Indian film director and actor

Basil Joseph is an Indian film actor and director who works in the Malayalam film industry. He started his film career as an assistant director of Vineeth Sreenivasan in the 2013 film Thira. He has directed three films till date, Kunjiramayanam (2015), Godha (2017) and Minnal Murali (2021).

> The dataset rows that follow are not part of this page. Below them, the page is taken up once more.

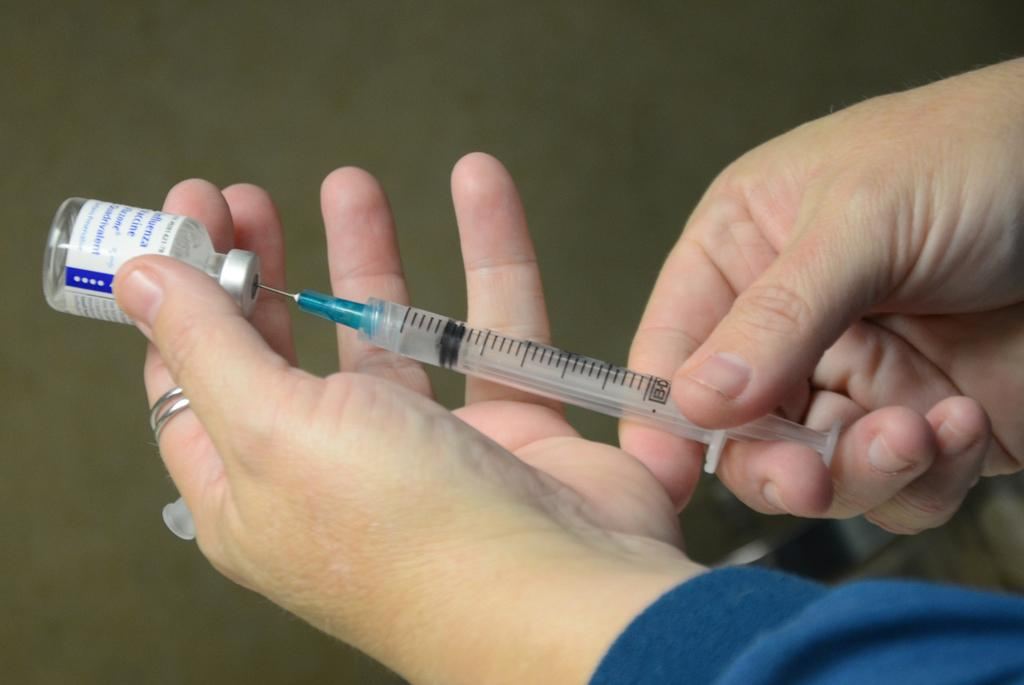What is the main subject of the image? There is a human in the image. What is the human holding in the image? The human is holding a syringe and a medicine bottle. How many boys are present in the image? There is no mention of boys in the image, as the main subject is a human holding a syringe and a medicine bottle. What type of notebook is the grandfather using in the image? There is no mention of a notebook or a grandfather in the image. 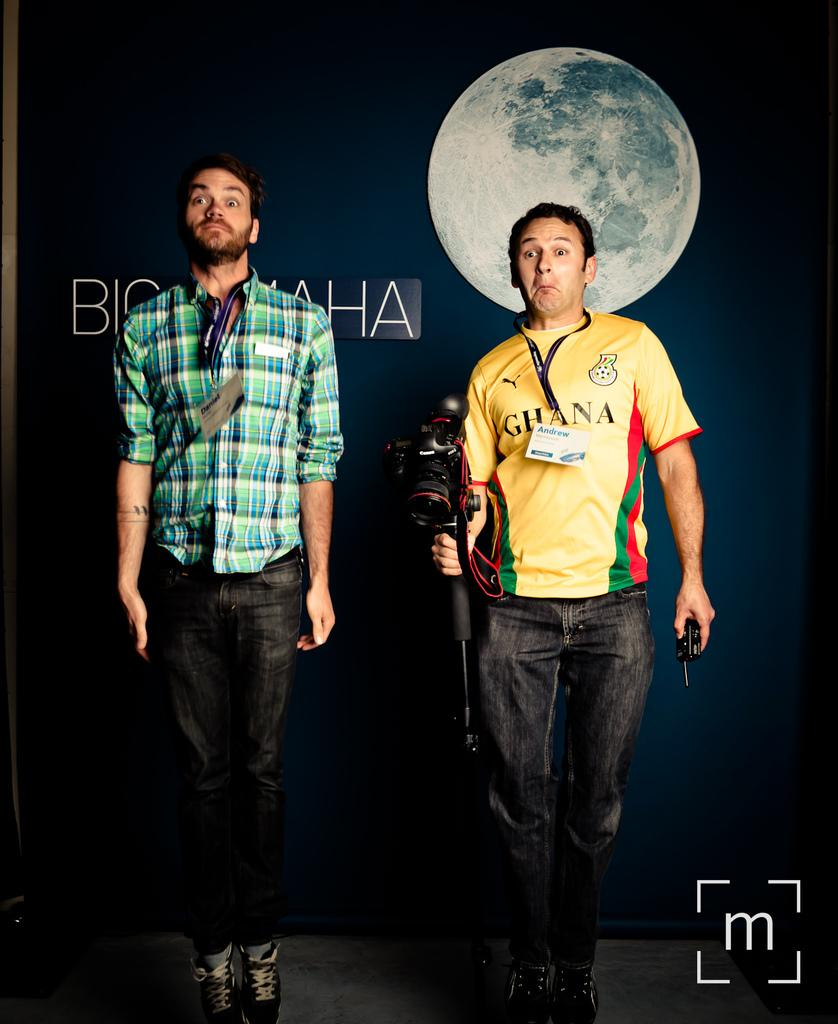Provide a one-sentence caption for the provided image. Man wearing a yellow Ghana shirt holding a camera. 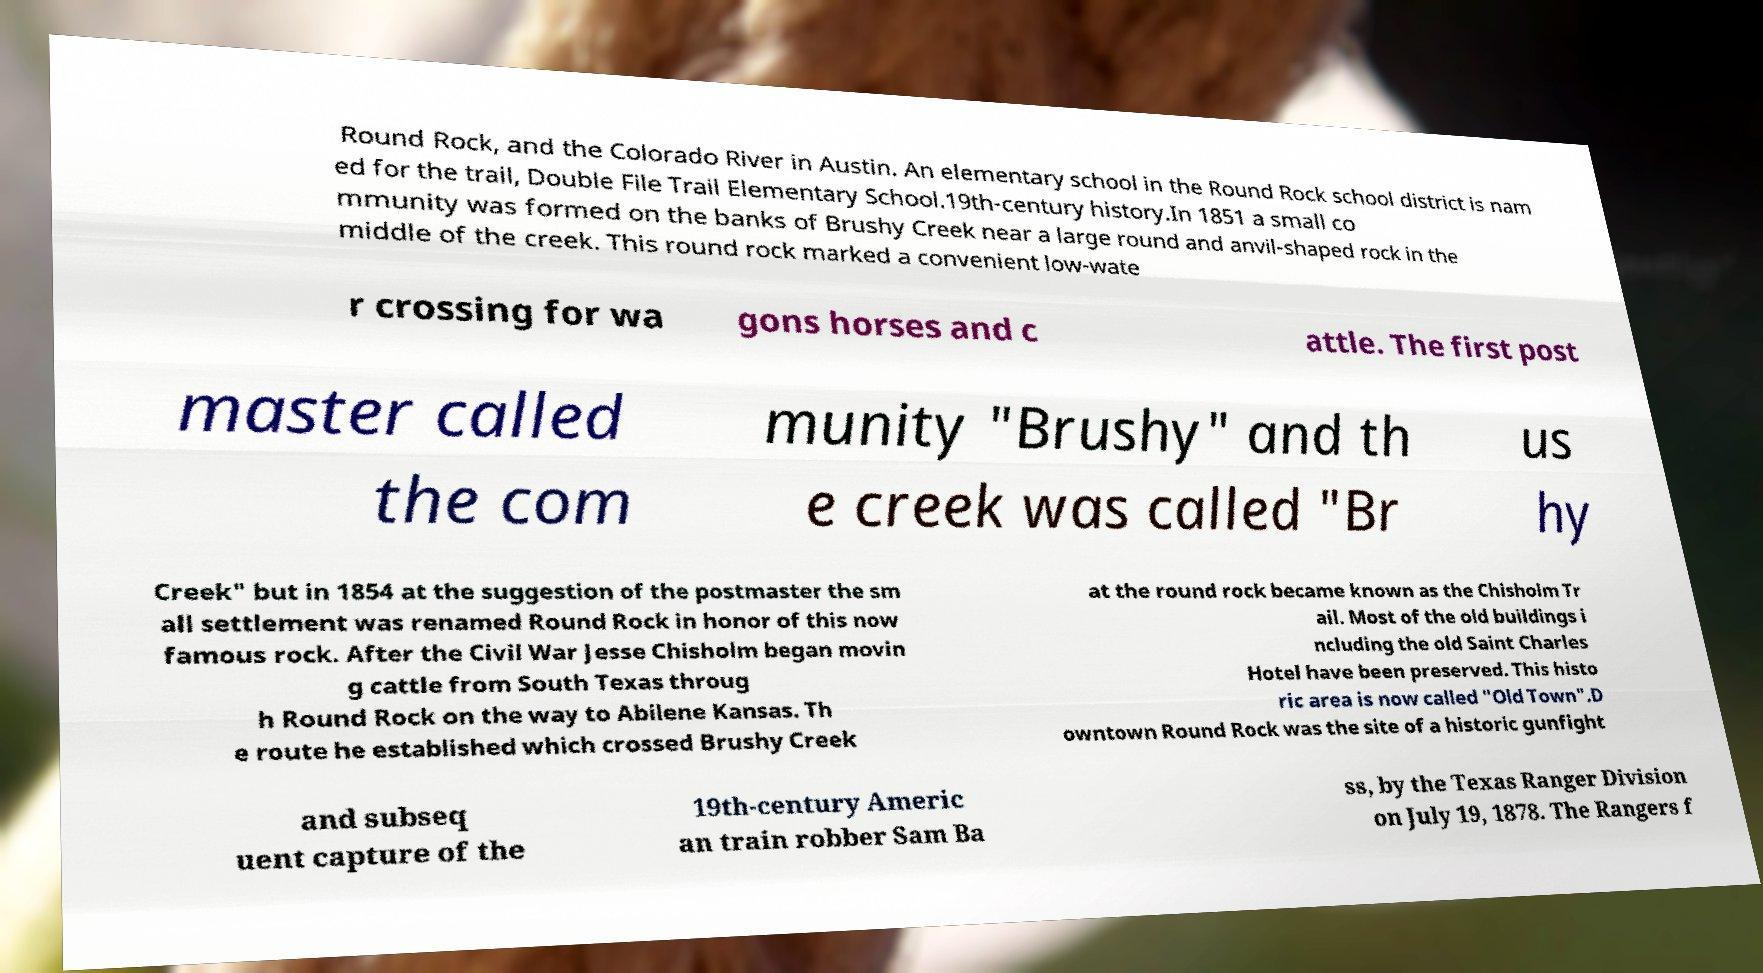There's text embedded in this image that I need extracted. Can you transcribe it verbatim? Round Rock, and the Colorado River in Austin. An elementary school in the Round Rock school district is nam ed for the trail, Double File Trail Elementary School.19th-century history.In 1851 a small co mmunity was formed on the banks of Brushy Creek near a large round and anvil-shaped rock in the middle of the creek. This round rock marked a convenient low-wate r crossing for wa gons horses and c attle. The first post master called the com munity "Brushy" and th e creek was called "Br us hy Creek" but in 1854 at the suggestion of the postmaster the sm all settlement was renamed Round Rock in honor of this now famous rock. After the Civil War Jesse Chisholm began movin g cattle from South Texas throug h Round Rock on the way to Abilene Kansas. Th e route he established which crossed Brushy Creek at the round rock became known as the Chisholm Tr ail. Most of the old buildings i ncluding the old Saint Charles Hotel have been preserved. This histo ric area is now called "Old Town".D owntown Round Rock was the site of a historic gunfight and subseq uent capture of the 19th-century Americ an train robber Sam Ba ss, by the Texas Ranger Division on July 19, 1878. The Rangers f 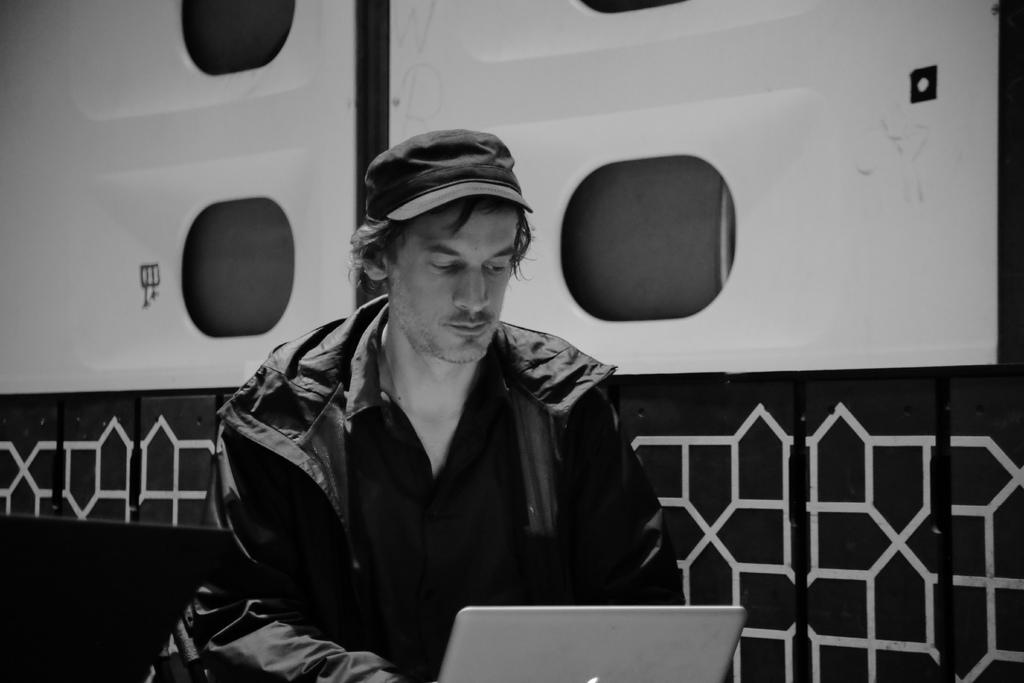What is the color scheme of the image? The image is black and white. Who or what is the main subject in the image? There is a person in the middle of the image. What is the person wearing? The person is wearing a coat. What is the person doing in the image? The person is using a laptop. Where is the laptop located in the image? The laptop is at the bottom of the image. What type of peace symbol can be seen in the image? There is no peace symbol present in the image. How many pests can be seen crawling on the person's coat in the image? There are no pests visible in the image.

Basil made his acting debut in the 2013 film Up & Down: Mukalil Oralundu. Basil has played supporting roles in numerous Malayalam films and is well appreciated for his role in Joji (2021). He has since received praise for his lead roles in films such as Jan. E. Man (2021), Jaya Jaya Jaya Jaya Hey (2022), Palthu Janwar (2022), Falimy (2023), Nunakkuzhi (2024), Sookshmadarshini (2024), and Ponman (2025).

==Early life==
Basil Joseph was born at Sultan Bathery in the Wayanad district of Kerala. He is the son of Fr. Joseph Pallippatt, a Jacobite priest. He studied at St. Joseph's School, Sulthan Bathery, and at SKMJ Higher Secondary School in Kalpetta. He then did his B.Tech. degree from the College of Engineering, Trivandrum. He worked at Infosys in Technopark, Trivandrum for two years before starting his career in movies.

== Career ==
Basil Joseph acted in the short film CET Life whilst attending College of Engineering, Trivandrum. He also scripted and directed the short films, Oru Thundu Padam and Priyamvadha Katharayano during his stint at Infosys as a systems engineer in Thiruvananthapuram.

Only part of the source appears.